EXERCISE REQUIREMENTS
Find all the lines in the material below with the word "reset", and copy them.

EXTRACTED MATERIAL
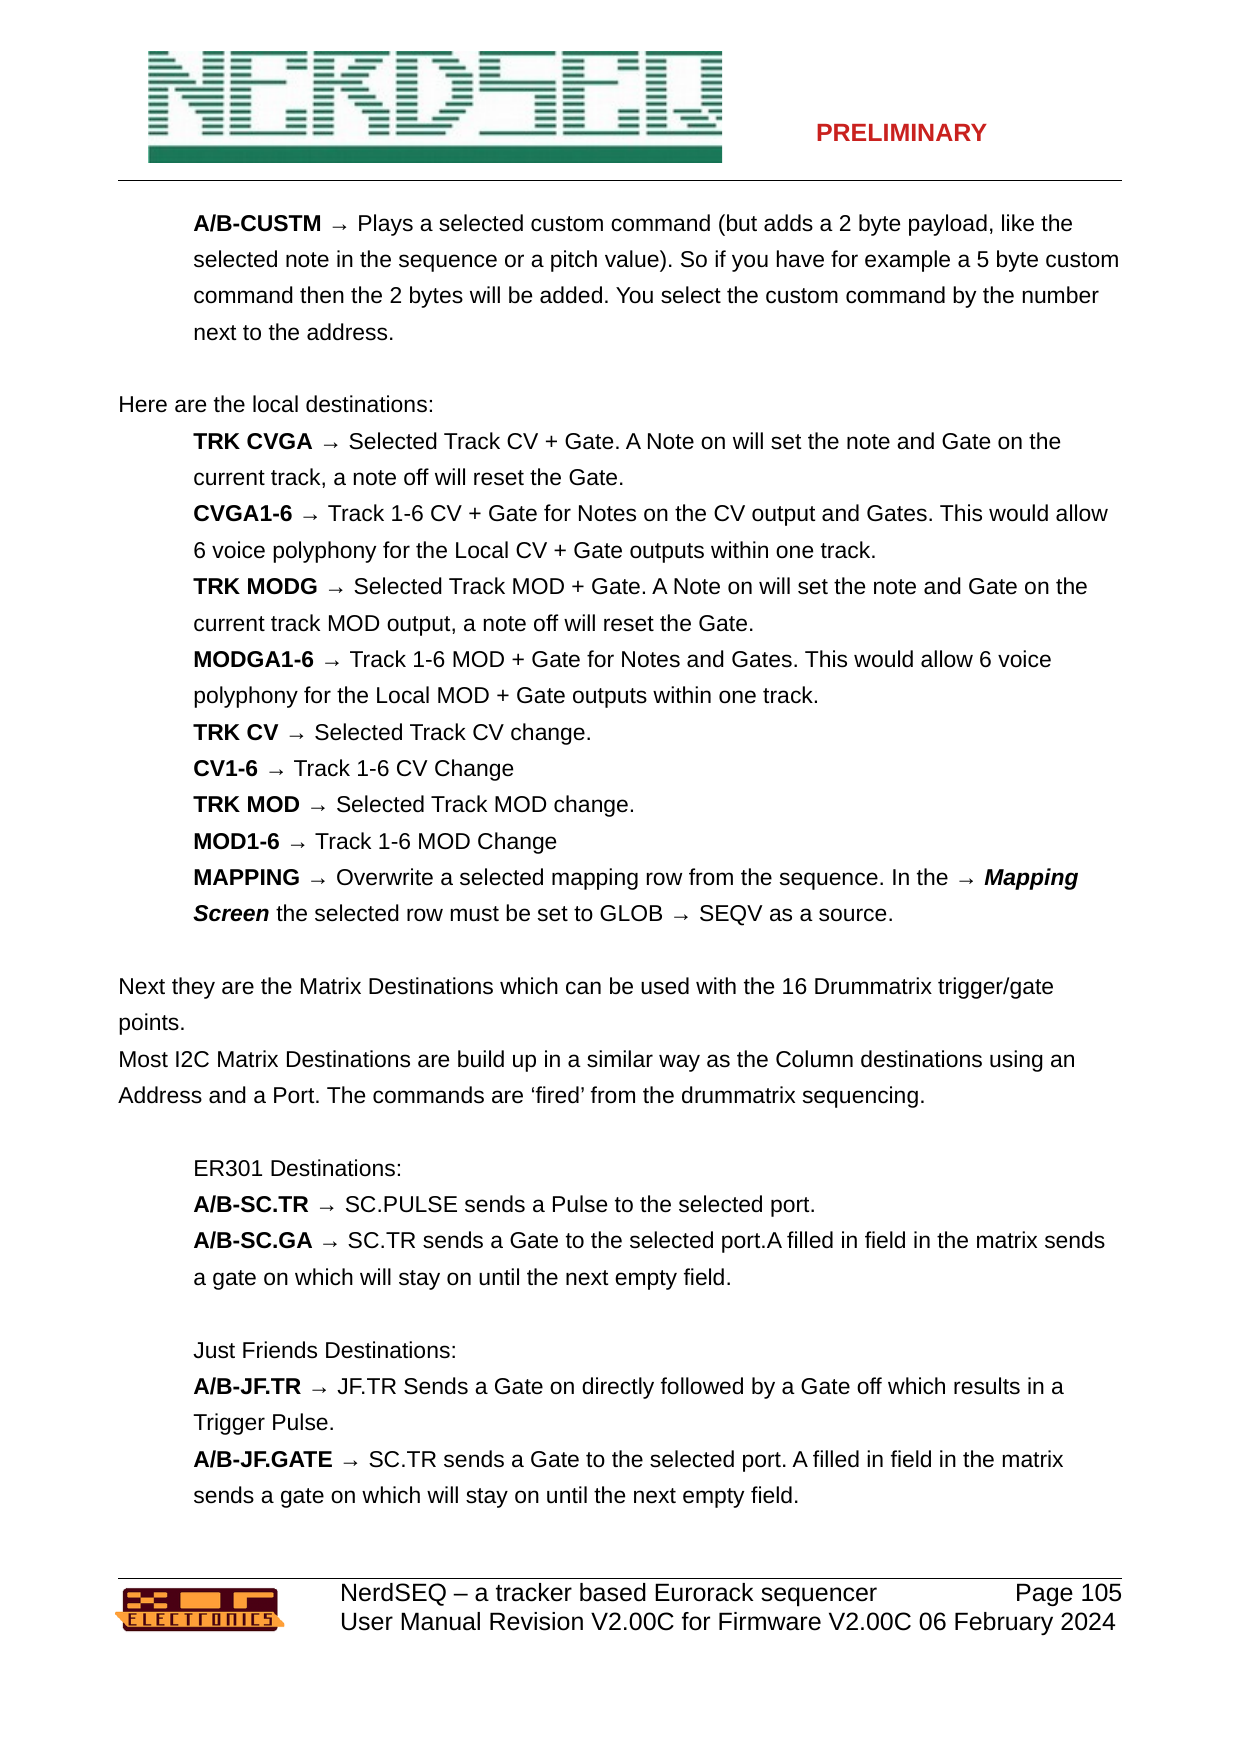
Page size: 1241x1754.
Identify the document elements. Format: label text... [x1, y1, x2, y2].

text Next they are the Matrix Destinations which can be used with the 16 Drummatrix trigger/gate points. [118, 973, 1122, 1036]
text TRK MOD → Selected Track MOD change. [193, 791, 1122, 818]
text A/B-JF.TR → JF.TR Sends a Gate on directly followed by a Gate off which results in a Trigger Pulse. [193, 1373, 1122, 1436]
text TRK CV → Selected Track CV change. [193, 718, 1122, 745]
picture [115, 1584, 285, 1634]
text MOD1-6 → Track 1-6 MOD Change [193, 828, 1122, 854]
text TRK CVGA → Selected Track CV + Gate. A Note on will set the note and Gate on the current track, a note off will reset the Gate. [193, 428, 1122, 490]
text A/B-SC.TR → SC.PULSE sends a Pulse to the selected port. [193, 1191, 1122, 1217]
text Here are the local destinations: [118, 391, 1122, 418]
picture [148, 51, 723, 163]
text Most I2C Matrix Destinations are build up in a similar way as the Column destinations using an Address and a Port. The commands are ‘fired’ from the drummatrix sequencing. [118, 1046, 1122, 1108]
text MAPPING → Overwrite a selected mapping row from the sequence. In the → Mapping Screen the selected row must be set to GLOB → SEQV as a source. [193, 864, 1122, 927]
text MODGA1-6 → Track 1-6 MOD + Gate for Notes and Gates. This would allow 6 voice polyphony for the Local MOD + Gate outputs within one track. [193, 646, 1122, 708]
text CVGA1-6 → Track 1-6 CV + Gate for Notes on the CV output and Gates. This would allow 6 voice polyphony for the Local CV + Gate outputs within one track. [193, 500, 1122, 563]
text A/B-CUSTM → Plays a selected custom command (but adds a 2 byte payload, like the selected note in the sequence or a pitch value). So if you have for example a 5 byte custom command then the 2 bytes will be added. You select the custom command by the number next to the address. [193, 209, 1122, 345]
text Just Friends Destinations: [193, 1337, 1122, 1363]
text TRK MODG → Selected Track MOD + Gate. A Note on will set the note and Gate on the current track MOD output, a note off will reset the Gate. [193, 573, 1122, 636]
text CV1-6 → Track 1-6 CV Change [193, 755, 1122, 781]
text A/B-JF.GATE → SC.TR sends a Gate to the selected port. A filled in field in the matrix sends a gate on which will stay on until the next empty field. [193, 1446, 1122, 1508]
text A/B-SC.GA → SC.TR sends a Gate to the selected port.A filled in field in the matrix sends a gate on which will stay on until the next empty field. [193, 1227, 1122, 1290]
text ER301 Destinations: [193, 1155, 1122, 1181]
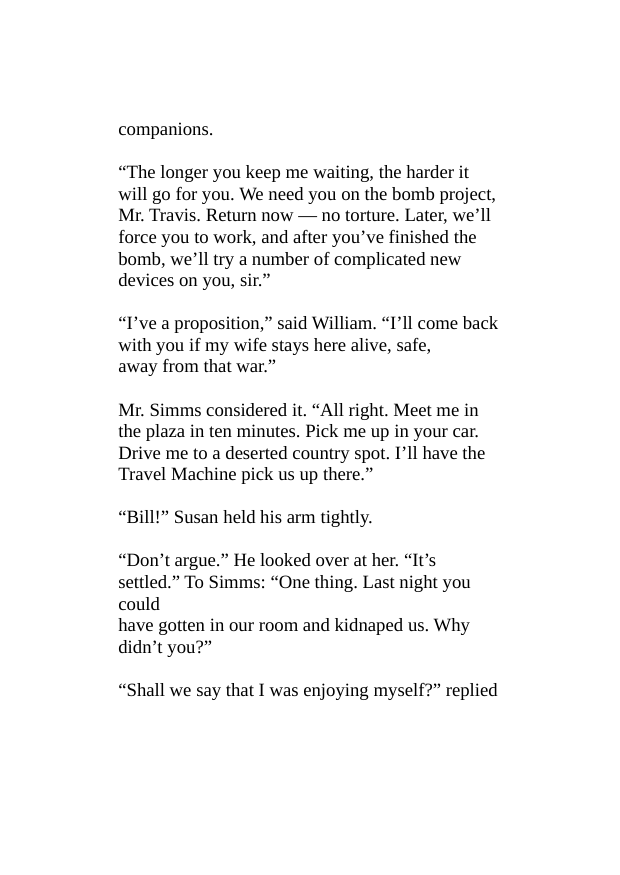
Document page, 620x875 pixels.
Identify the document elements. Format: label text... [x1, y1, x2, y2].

text companions. “The longer you keep me waiting, the harder it will go for you. We need you on the bomb project, Mr. Travis. Return now — no torture. Later, we’ll force you to work, and after you’ve finished the bomb, we’ll try a number of complicated new devices on you, sir.” “I’ve a proposition,” said William. “I’ll come back with you if my wife stays here alive, safe, away from that war.” Mr. Simms considered it. “All right. Meet me in the plaza in ten minutes. Pick me up in your car. Drive me to a deserted country spot. I’ll have the Travel Machine pick us up there.” “Bill!” Susan held his arm tightly. “Don’t argue.” He looked over at her. “It’s settled.” To Simms: “One thing. Last night you could have gotten in our room and kidnaped us. Why didn’t you?” “Shall we say that I was enjoying myself?” replied [118, 118, 501, 700]

YOUR SOLUTION
text TRK CVGA → Selected Track CV + Gate. A Note on will set the note and Gate on the current track, a note off will reset the Gate. [193, 428, 1122, 490]
text TRK MODG → Selected Track MOD + Gate. A Note on will set the note and Gate on the current track MOD output, a note off will reset the Gate. [193, 573, 1122, 636]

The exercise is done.